Jenis lainnya, kesurupan kepemilikan, menganggap jiwa orang yang dirasuki meninggalkan tubuh karena diculik atau mengadakan perjalanan ke dunia gaib bersama makhluk halus.
Profesor psikiatri Dr Richard Gallagher, berdasarkan pengalamannya merawat pasien kesurupan selama puluhan tahun, percaya bahwa kesurupan yang sebenarnya adalah buatan manusia dan bukan seperti yang sering kita lihat.
Dari segi budaya, kesurupan bukan hanya sekadar pengalaman, tapi juga bagian dari perilaku manusia dan juga kepercayaan. Penelitian Ferracutti (1996) pernah mengungkap bahwa mereka yang punya kepercayaan kuat terhadap nilai-nilai religius lebih mudah mengalami kesurupan, dan itu disengaja.
Contoh, dalam ritual mistik kuda lumping atau reog, peneliti di AS menemukan fungsi dari bunyi-bunyian seperti musik atau tabuhan drum yang mengiringi ternyata berperan penting dalam membuat para medium tetap terjaga dan sadar, meskipun digunakan juga untuk menginduksi kesurupan.
Sebabnya, kesurupan terkait dengan keadaan berubahnya kesadaran (altered state of consciousness/ASC). Jadi, bukan benar-benar hilang kendali atas tubuh dan pikiran. Wolfgang Miltner, psikolog klinis dari Friedrich Schiller University di Jena, Jerman, mengatakan bahwa dalam keadaan sadar pikiran kita aktif, dan aktivitas otak bisa diukur lewat gelombang beta.

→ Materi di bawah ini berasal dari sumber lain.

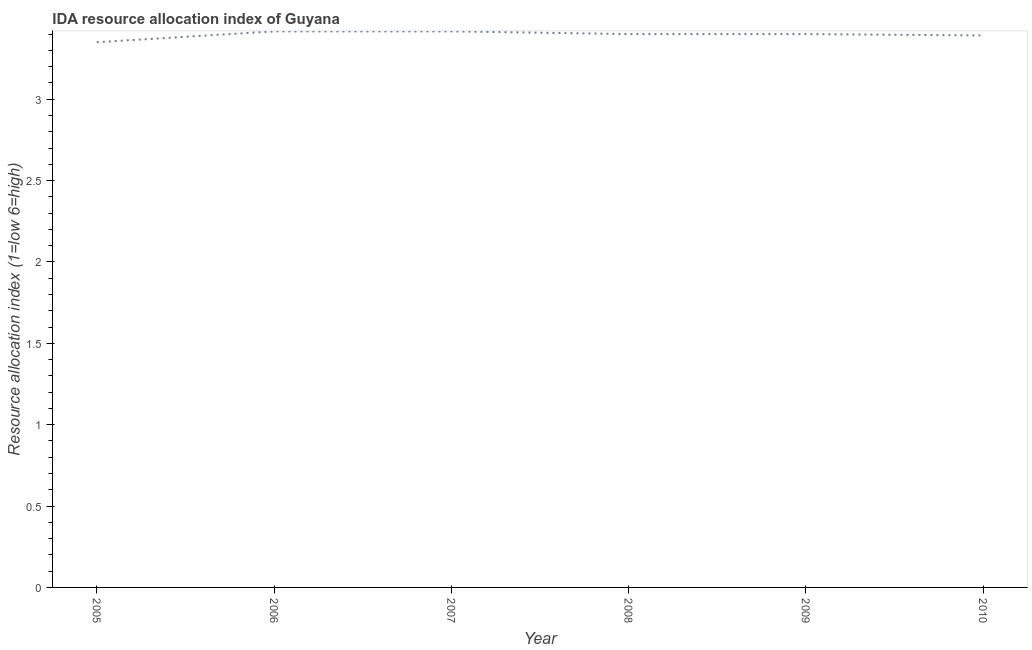What is the ida resource allocation index in 2010?
Provide a short and direct response. 3.39. Across all years, what is the maximum ida resource allocation index?
Your answer should be very brief. 3.42. Across all years, what is the minimum ida resource allocation index?
Ensure brevity in your answer.  3.35. In which year was the ida resource allocation index maximum?
Provide a succinct answer. 2006. What is the sum of the ida resource allocation index?
Ensure brevity in your answer.  20.38. What is the difference between the ida resource allocation index in 2007 and 2008?
Provide a succinct answer. 0.02. What is the average ida resource allocation index per year?
Your answer should be compact. 3.4. What is the median ida resource allocation index?
Give a very brief answer. 3.4. What is the ratio of the ida resource allocation index in 2009 to that in 2010?
Provide a succinct answer. 1. Is the ida resource allocation index in 2006 less than that in 2010?
Your answer should be very brief. No. Is the difference between the ida resource allocation index in 2008 and 2009 greater than the difference between any two years?
Your answer should be very brief. No. What is the difference between the highest and the second highest ida resource allocation index?
Give a very brief answer. 0. What is the difference between the highest and the lowest ida resource allocation index?
Your answer should be very brief. 0.07. Does the ida resource allocation index monotonically increase over the years?
Ensure brevity in your answer.  No. How many lines are there?
Give a very brief answer. 1. How many years are there in the graph?
Keep it short and to the point. 6. What is the difference between two consecutive major ticks on the Y-axis?
Provide a short and direct response. 0.5. Are the values on the major ticks of Y-axis written in scientific E-notation?
Keep it short and to the point. No. Does the graph contain grids?
Your answer should be very brief. No. What is the title of the graph?
Provide a succinct answer. IDA resource allocation index of Guyana. What is the label or title of the X-axis?
Keep it short and to the point. Year. What is the label or title of the Y-axis?
Provide a succinct answer. Resource allocation index (1=low 6=high). What is the Resource allocation index (1=low 6=high) in 2005?
Keep it short and to the point. 3.35. What is the Resource allocation index (1=low 6=high) in 2006?
Keep it short and to the point. 3.42. What is the Resource allocation index (1=low 6=high) in 2007?
Your answer should be compact. 3.42. What is the Resource allocation index (1=low 6=high) of 2008?
Give a very brief answer. 3.4. What is the Resource allocation index (1=low 6=high) of 2009?
Your response must be concise. 3.4. What is the Resource allocation index (1=low 6=high) of 2010?
Your answer should be very brief. 3.39. What is the difference between the Resource allocation index (1=low 6=high) in 2005 and 2006?
Your answer should be very brief. -0.07. What is the difference between the Resource allocation index (1=low 6=high) in 2005 and 2007?
Your answer should be compact. -0.07. What is the difference between the Resource allocation index (1=low 6=high) in 2005 and 2009?
Give a very brief answer. -0.05. What is the difference between the Resource allocation index (1=low 6=high) in 2005 and 2010?
Keep it short and to the point. -0.04. What is the difference between the Resource allocation index (1=low 6=high) in 2006 and 2008?
Provide a short and direct response. 0.02. What is the difference between the Resource allocation index (1=low 6=high) in 2006 and 2009?
Offer a very short reply. 0.02. What is the difference between the Resource allocation index (1=low 6=high) in 2006 and 2010?
Offer a terse response. 0.03. What is the difference between the Resource allocation index (1=low 6=high) in 2007 and 2008?
Ensure brevity in your answer.  0.02. What is the difference between the Resource allocation index (1=low 6=high) in 2007 and 2009?
Give a very brief answer. 0.02. What is the difference between the Resource allocation index (1=low 6=high) in 2007 and 2010?
Keep it short and to the point. 0.03. What is the difference between the Resource allocation index (1=low 6=high) in 2008 and 2010?
Provide a short and direct response. 0.01. What is the difference between the Resource allocation index (1=low 6=high) in 2009 and 2010?
Offer a very short reply. 0.01. What is the ratio of the Resource allocation index (1=low 6=high) in 2005 to that in 2008?
Ensure brevity in your answer.  0.98. What is the ratio of the Resource allocation index (1=low 6=high) in 2005 to that in 2010?
Provide a short and direct response. 0.99. What is the ratio of the Resource allocation index (1=low 6=high) in 2006 to that in 2007?
Ensure brevity in your answer.  1. What is the ratio of the Resource allocation index (1=low 6=high) in 2006 to that in 2009?
Your answer should be very brief. 1. What is the ratio of the Resource allocation index (1=low 6=high) in 2006 to that in 2010?
Provide a succinct answer. 1.01. What is the ratio of the Resource allocation index (1=low 6=high) in 2008 to that in 2009?
Your answer should be compact. 1. What is the ratio of the Resource allocation index (1=low 6=high) in 2008 to that in 2010?
Offer a very short reply. 1. What is the ratio of the Resource allocation index (1=low 6=high) in 2009 to that in 2010?
Your answer should be compact. 1.

Siswanto, S.Psi.,M.Si, dalam studinya, pengarang buku Psikologi Kesehatan Mental Awas Kesurupan!, menemukan bahwa penyebab utama kesurupan adalah stres sosial dan mental yang ditekan ke alam bawah sadar sehingga memengaruhi kondisi emosional.
British Journal of Psychiatry menulis kesurupan bisa menular meski dipicu satu orang. Ini tergolong penyakit yang disebut psikogenik masal, karena bisa menyebar sesuai kredibilitas dan kerentanan suatu komunitas tertentu.Misal, lingkungan homogen bernasib sama atau memiliki penderitaan sama.